Gründe für die vorzeitige Lösung eines Dienstverhältnisses sind bei sonstiger Verwirkung des Entlassungsrechts unverzüglich, das heißt ohne schuldhaftes Zögern, geltend zu machen. Der Dienstgeber darf mit der Ausübung seines Entlassungsrechts nicht wider Treu und Glauben so lange zuwarten, dass der Dienstnehmer aus diesem Zögern auf einen Verzicht des Dienstgebers auf die Geltendmachung der Entlassungsgründe schließen muss (RS0031799). Der Grundsatz der Unverzüglichkeit beruht auf dem Gedanken, dass ein Arbeitgeber, der eine Verfehlung seines Arbeitnehmers nicht sofort mit der Entlassung beantwortet, dessen Weiterbeschäftigung nicht als unzumutbar ansieht, und auf die Ausübung des Entlassungsrechtes im konkreten Fall verzichtet (RS0031799 [T 15]). Das Tatbestandsmerkmal der Unzumutbarkeit der Weiterbeschäftigung ist demnach eine essentielle Voraussetzung für die Berechtigung zur Entlassung; diese setzt voraus, dass dem Arbeitgeber infolge des im Übrigen tatbestandsmäßigen Verhaltens des Arbeitnehmers nach Lage der Umstände die Fortsetzung des Arbeitsverhältnisses auch nur bis zum nächsten Kündigungstermin nicht zugemutet werden kann, sondern vielmehr eine sofortige Abhilfe notwendig ist (RS0029020 [insbesondere T4]).

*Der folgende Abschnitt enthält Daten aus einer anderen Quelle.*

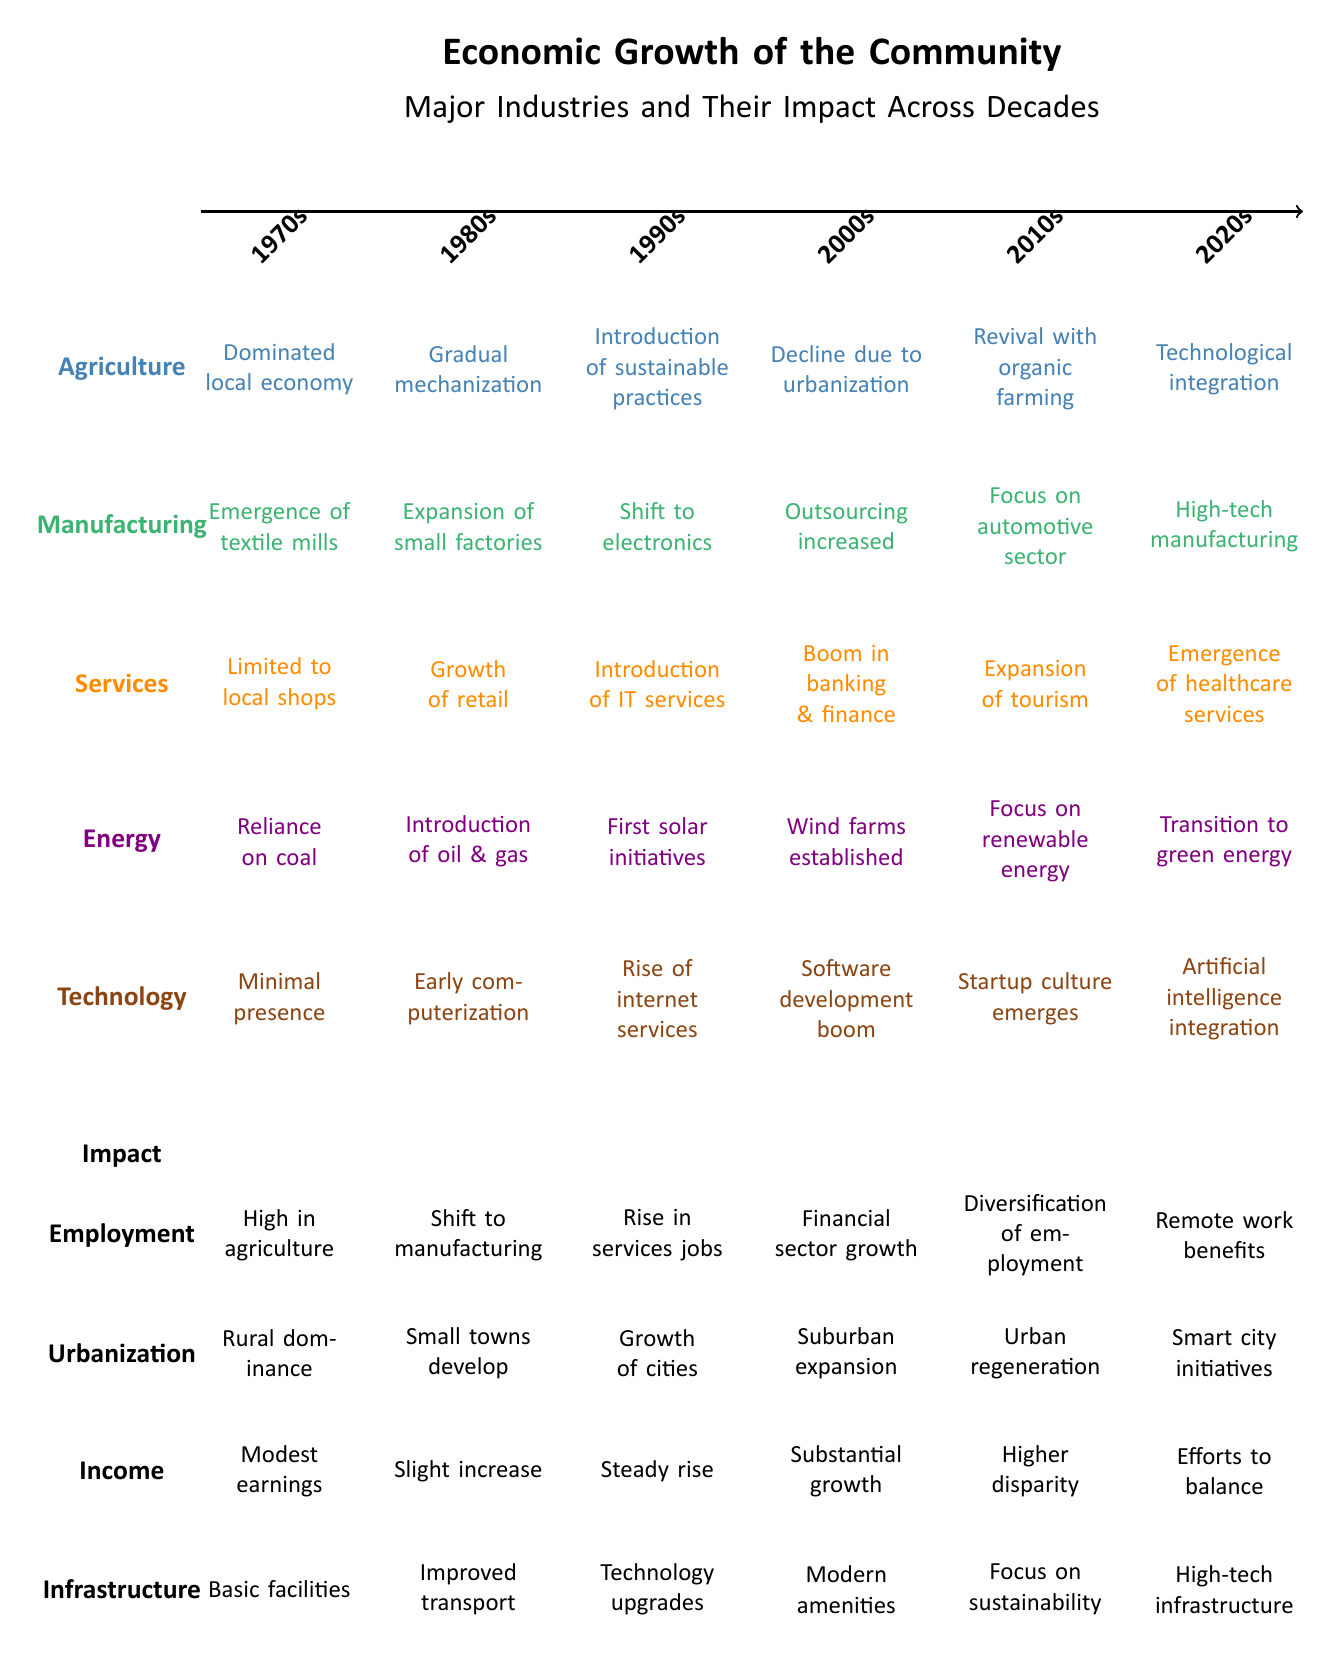What was the dominant economic sector in the 1970s? The diagram indicates that Agriculture dominated the local economy in the 1970s as noted at the top left corner under the Agriculture section.
Answer: Agriculture Which industry saw a shift towards electronics in the 1990s? The Manufacturing industry is noted to have shifted to electronics in the 1990s, as mentioned directly below the 1990s year marker.
Answer: Manufacturing In which decade did the services sector experience a boom in banking and finance? The boom in banking and finance occurred in the 2000s, as described in the Services section directly under the 2000s label.
Answer: 2000s How did the technology sector evolve from the 1980s to the 2020s? The technology sector progressed from minimal presence in the 1970s to artificial intelligence integration in the 2020s, highlighting significant advancements over the decades as outlined in the Technology section.
Answer: From minimal presence to artificial intelligence integration What notable change did Agriculture undergo in the 2010s according to the diagram? In the 2010s, Agriculture experienced a revival with organic farming as indicated in the Agriculture section under the respective decade marker.
Answer: Revival with organic farming Which decade marked the beginning of the introduction of IT services? The introduction of IT services occurred in the 1990s, as specified in the Services section directly beneath the 1990s label.
Answer: 1990s What impact did the transition to green energy have on the community depicted in the diagram? The transition to green energy is part of a broader focus on renewable energy that likely led to improvements in energy sustainability, as shown under the Energy sector in the 2020s.
Answer: Transition to green energy How did urbanization evolve from the 1970s to the 2020s in terms of demographic patterns? Urbanization evolved from rural dominance in the 1970s to smart city initiatives in the 2020s, indicating a significant transformation in the demographic landscape as displayed in the Urbanization impact section.
Answer: From rural dominance to smart city initiatives

Der Geschäftsführer der Beklagten wurde über die Auseinandersetzung noch am 29. April 2023 informiert. Hätte er die Klägerin entlassen wollen, hätte er den Vorfall (Tatumstände) auch – etwa durch ein Telefonat mit seinem Mitarbeiter, jedenfalls aber deutlich früher – recherchieren können. Vielmehr hat er gegenüber der Klägerin den Streit nur „bedauert“ und ihr in Aussicht gestellt, künftig im „D*“ arbeiten zu können.

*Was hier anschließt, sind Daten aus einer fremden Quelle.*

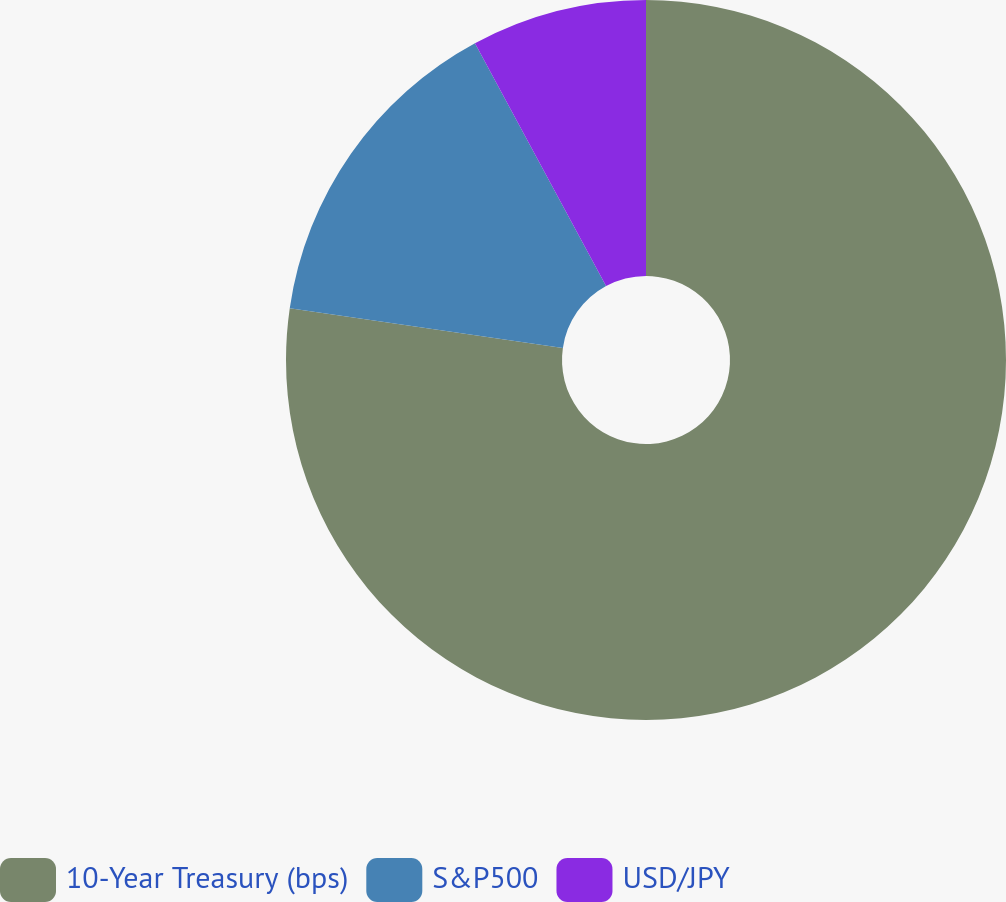Convert chart to OTSL. <chart><loc_0><loc_0><loc_500><loc_500><pie_chart><fcel>10-Year Treasury (bps)<fcel>S&P500<fcel>USD/JPY<nl><fcel>77.3%<fcel>14.82%<fcel>7.88%<nl></chart>

Nach den getroffenen Feststellungen hat er die Klägerin am 2. Mai 2023 noch beschäftigt, ihre Arbeitsleistungen entgegengenommen und ihr auch einen Dienstvertrag zugesichert. Damit hat er auch ihr Fernbleiben am 1. Mai 2023 nicht zum Anlass für eine sofortige Entlassung genommen. Das Erstgericht ist daher zutreffend davon ausgegangen, dass das Entlassungsrecht im konkreten Fall verfristet ist.

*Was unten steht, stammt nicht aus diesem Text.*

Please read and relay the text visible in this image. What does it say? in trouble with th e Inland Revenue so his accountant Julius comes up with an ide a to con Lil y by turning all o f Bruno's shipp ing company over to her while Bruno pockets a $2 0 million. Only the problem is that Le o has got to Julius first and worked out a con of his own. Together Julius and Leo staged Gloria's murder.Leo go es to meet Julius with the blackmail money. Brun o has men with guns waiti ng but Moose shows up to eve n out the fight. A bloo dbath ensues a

Zusammenfassend war der Berufung daher ein Erfolg zu versagen.
Die Kostenentscheidung stützt sich auf die §§ 41, 50 ZPO in Verbindung mit § 2 Abs 1 ASGG.
Die Revision nach § 502 Abs 1 ZPO war nicht zuzulassen, weil sowohl die Frage, ob ein unberechtigter vorzeitiger Austritt erfolgte oder ob das Entlassungsrecht verfristet ist, von der Beurteilung im Einzelfall abhängt (RS0031799 [T 28]; RS0028612, 9 ObA 126/03z).